Islamabad Jail Complex
- Location: Sector H-16, Islamabad, Pakistan;
- Status: Under Construction
- Capacity: 2,000 inmates
- Opened: TBD
- Managed by: Government of Pakistan
- Warden: TBD

= Islamabad Jail Complex =

Prison Facility located in Islamabad, Pakistan

The Islamabad Jail Complex also known as Islamabad model jail is a prison that is currently being built in Sector H-16 of Islamabad, Pakistan.

==History==
The construction of the Islamabad Jail Complex has experienced significant delays spanning a decade, primarily due to a lack of available funds.
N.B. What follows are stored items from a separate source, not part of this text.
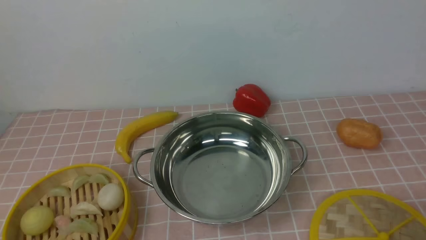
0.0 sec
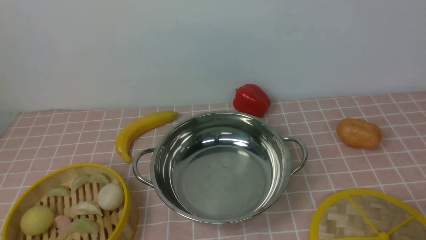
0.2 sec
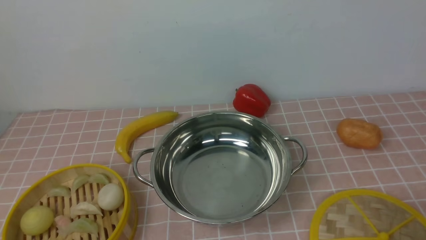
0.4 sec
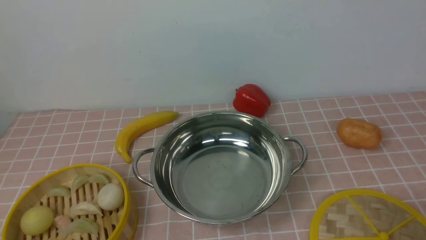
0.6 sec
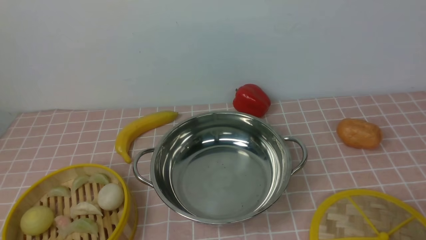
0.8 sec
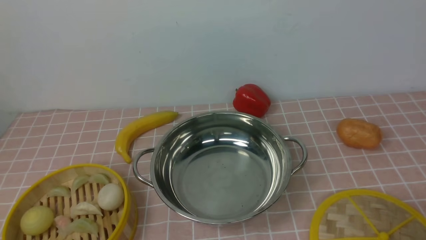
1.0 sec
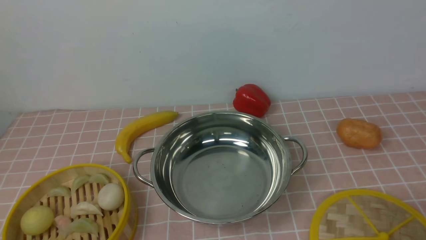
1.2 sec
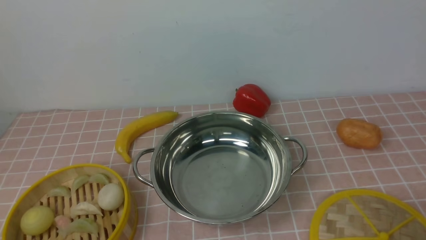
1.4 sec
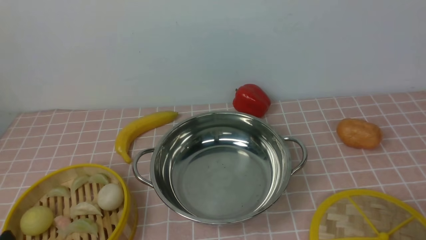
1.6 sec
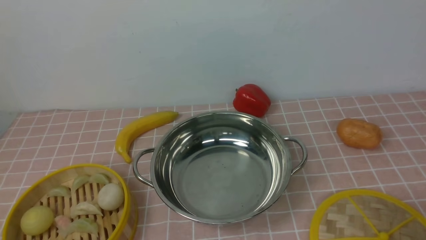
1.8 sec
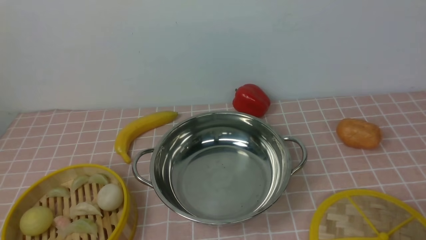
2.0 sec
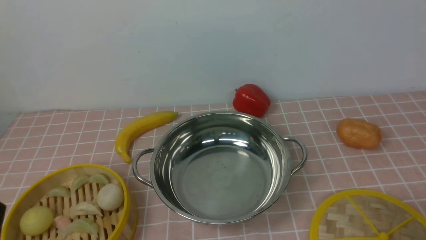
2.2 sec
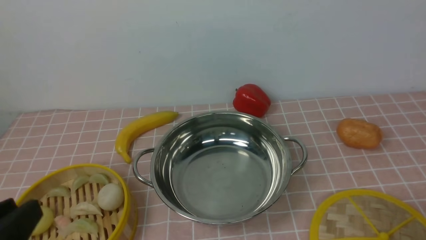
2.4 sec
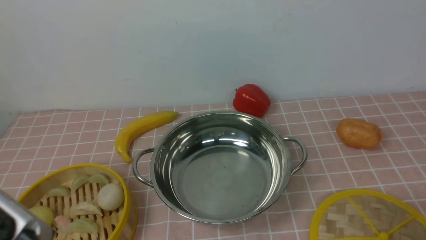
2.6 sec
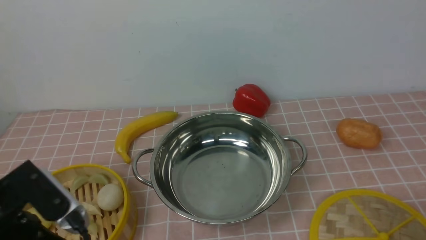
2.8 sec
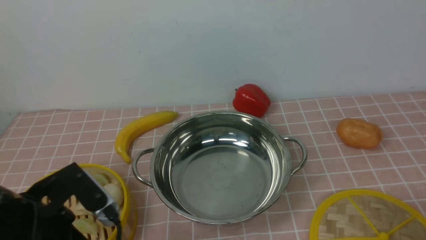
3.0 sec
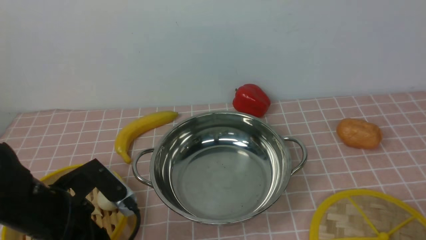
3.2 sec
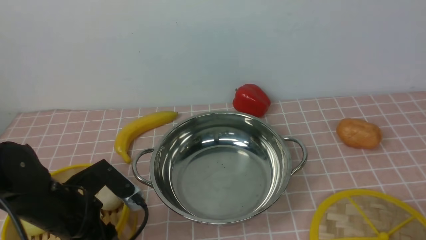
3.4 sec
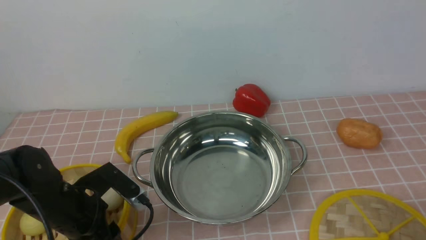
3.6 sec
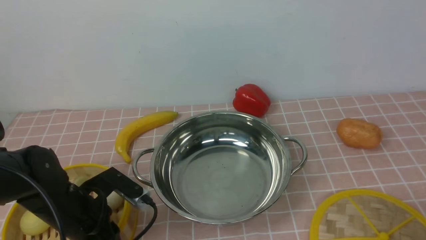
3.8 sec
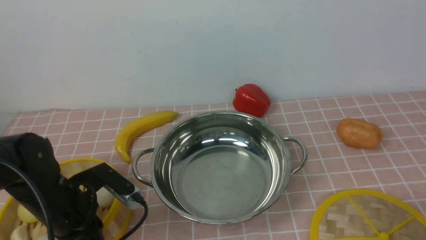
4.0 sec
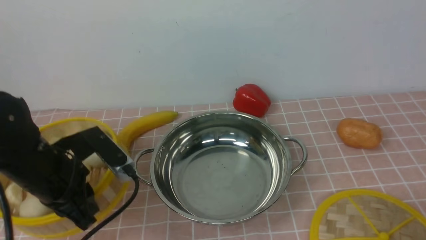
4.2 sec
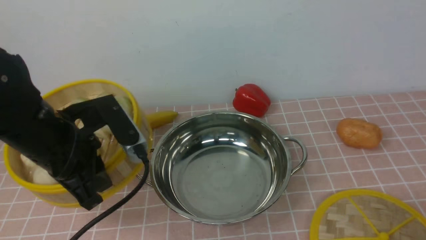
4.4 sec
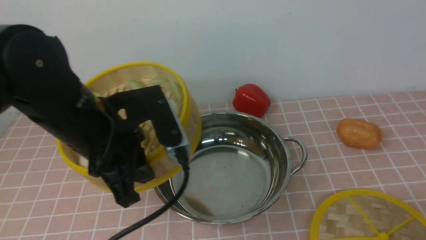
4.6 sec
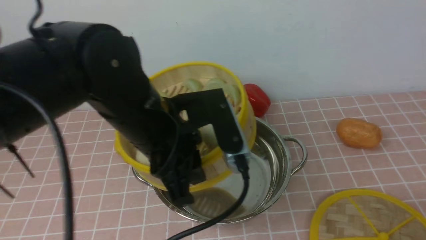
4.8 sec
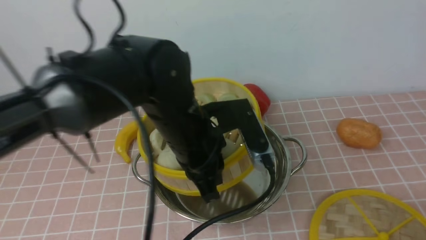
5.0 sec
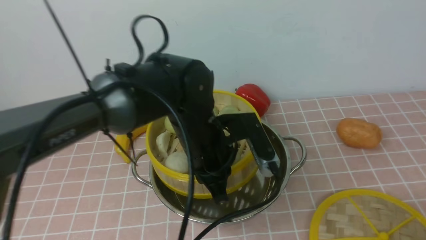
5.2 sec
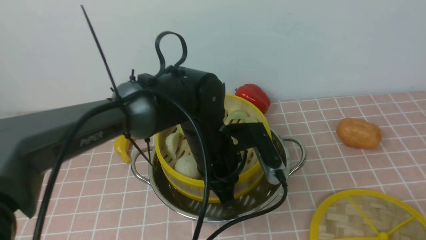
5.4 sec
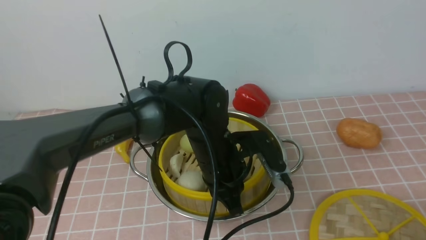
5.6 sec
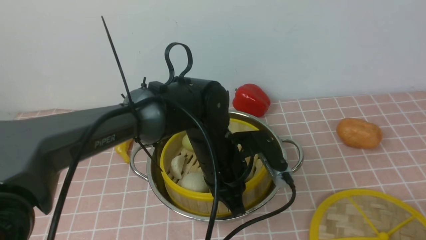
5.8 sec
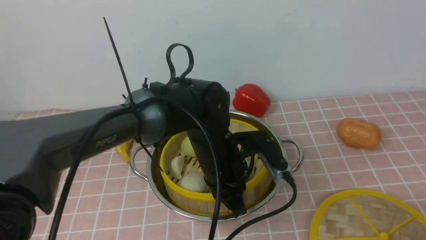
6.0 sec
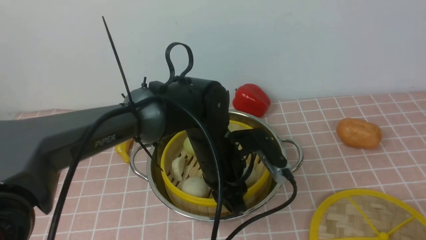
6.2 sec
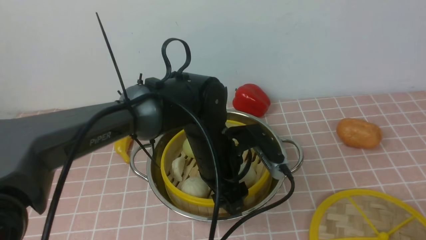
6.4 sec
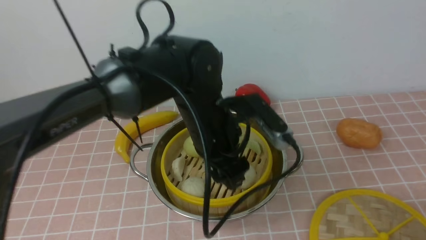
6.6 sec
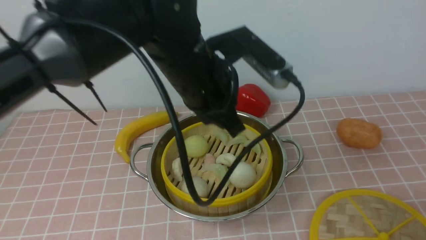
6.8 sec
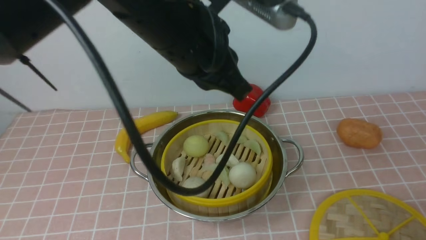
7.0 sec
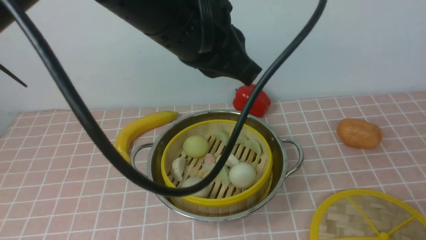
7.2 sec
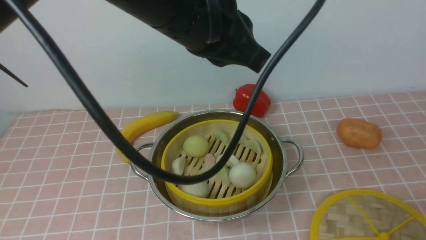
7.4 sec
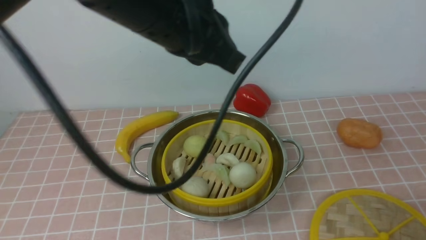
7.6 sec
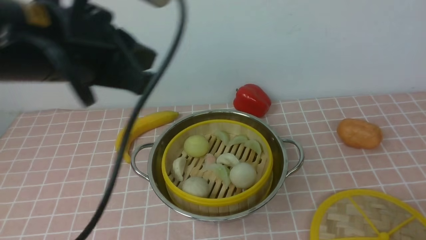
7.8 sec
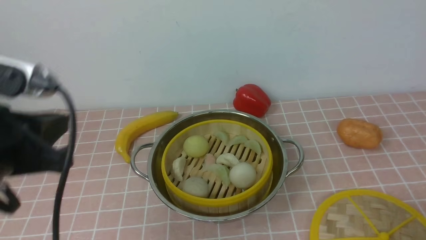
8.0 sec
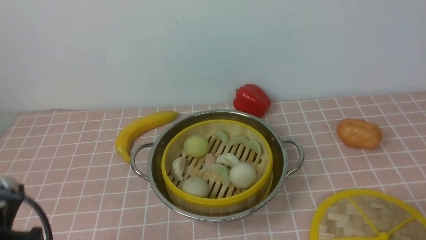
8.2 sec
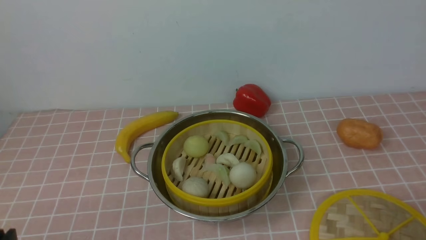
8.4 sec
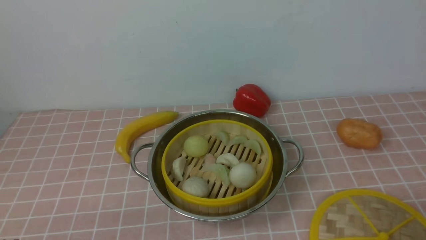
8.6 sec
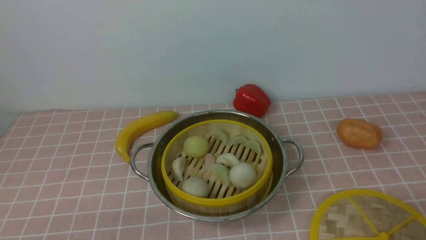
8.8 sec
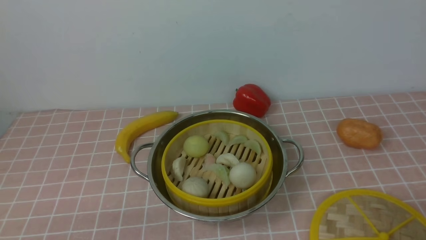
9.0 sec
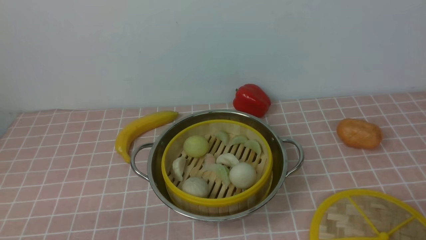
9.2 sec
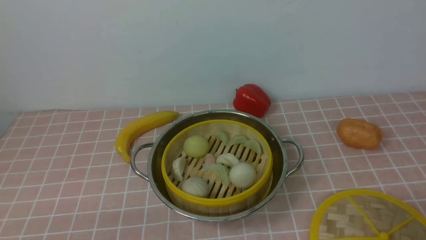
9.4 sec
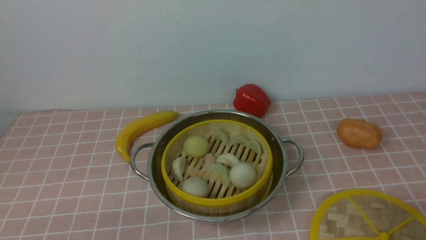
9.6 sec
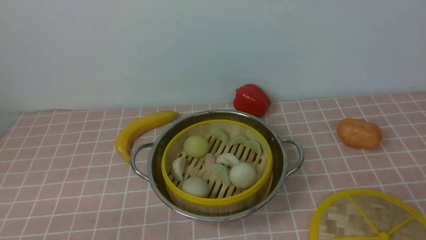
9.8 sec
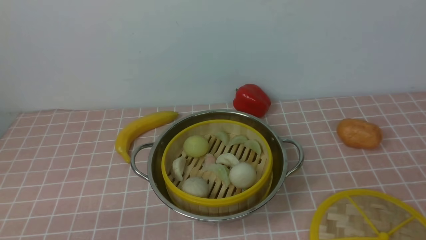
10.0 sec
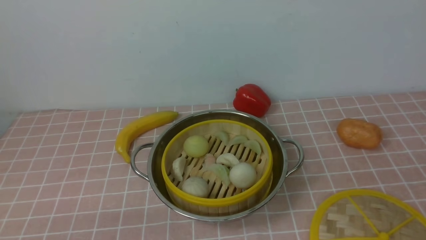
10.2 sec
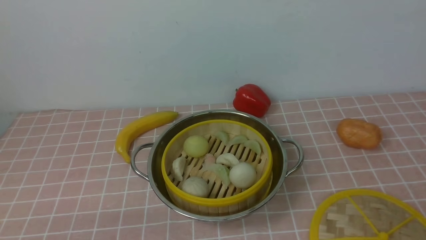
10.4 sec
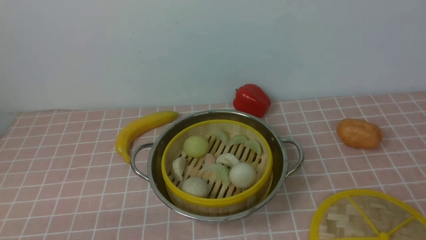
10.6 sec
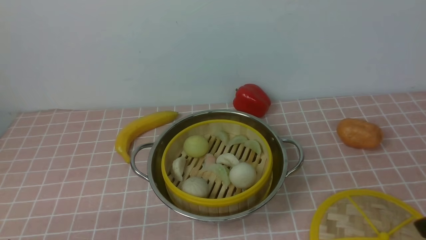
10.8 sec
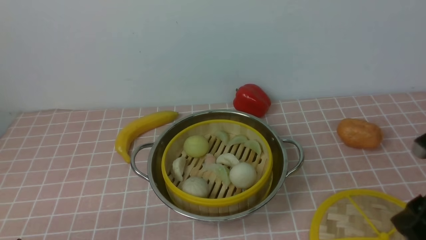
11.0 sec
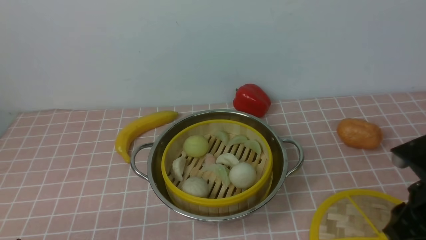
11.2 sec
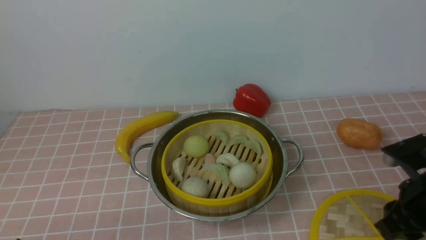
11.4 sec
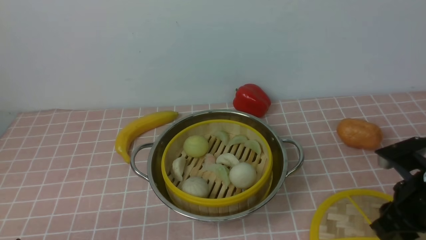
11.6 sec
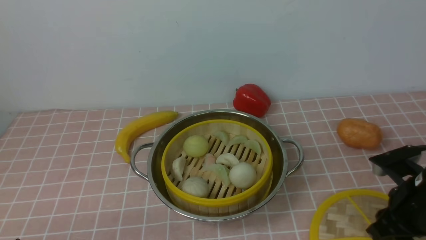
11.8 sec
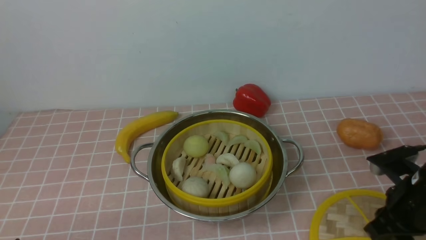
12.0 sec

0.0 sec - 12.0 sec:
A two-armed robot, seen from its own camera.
Task of the whole recording: place the steamer in the pot on the pink tablecloth, and put the lid on the steamer.
Step, 0.0 sec - 4.0 sec: use the left arm to lift the steamer closest to it.
Step, 4.2 sec - 6.4 sec: use the left arm to put the steamer into the iron steamer pot in the middle.
1.6 sec - 3.0 sec: The left gripper heads forward, covering approximately 10 cm.
3.0 sec - 4.4 sec: The left gripper is displaced forward by some 10 cm, and closes its fingers.
4.4 sec - 6.0 sec: The left gripper travels to the right and downward by some 20 cm.
6.0 sec - 7.6 sec: The left gripper travels upward by approximately 25 cm, and opens, then closes once more.
7.6 sec - 9.0 sec: The left gripper goes about 35 cm downward, backward and to the left.
10.4 sec - 12.0 sec: The right gripper travels forward and downward by about 25 cm.

However, in June 2022, former Prime Minister Shehbaz Sharif issued instructions to the relevant authorities to expedite the completion of this ongoing prison project in the upcoming fiscal year. To oversee the progress and evaluate the prison project, he established a six-member committee led by the former Interior Minister Rana Sanaullah Khan.

==Facilities==
The Islamabad Jail Complex is currently being built on a sprawling 90-acre site and is designed to accommodate approximately 2,000 inmates. This complex will include several key facilities, such as a 22-bed hospital, a school dedicated to the children of the jail staff, a mosque, a library, an auditorium, segregated cells for different purposes, and separate barracks for female and juvenile prisoners. Additionally, the premises will feature schools, mosques, training centers, playgrounds, and courts for the Islamabad Capital Territory. Furthermore, there are plans to establish a training center specifically for prison officials within the complex.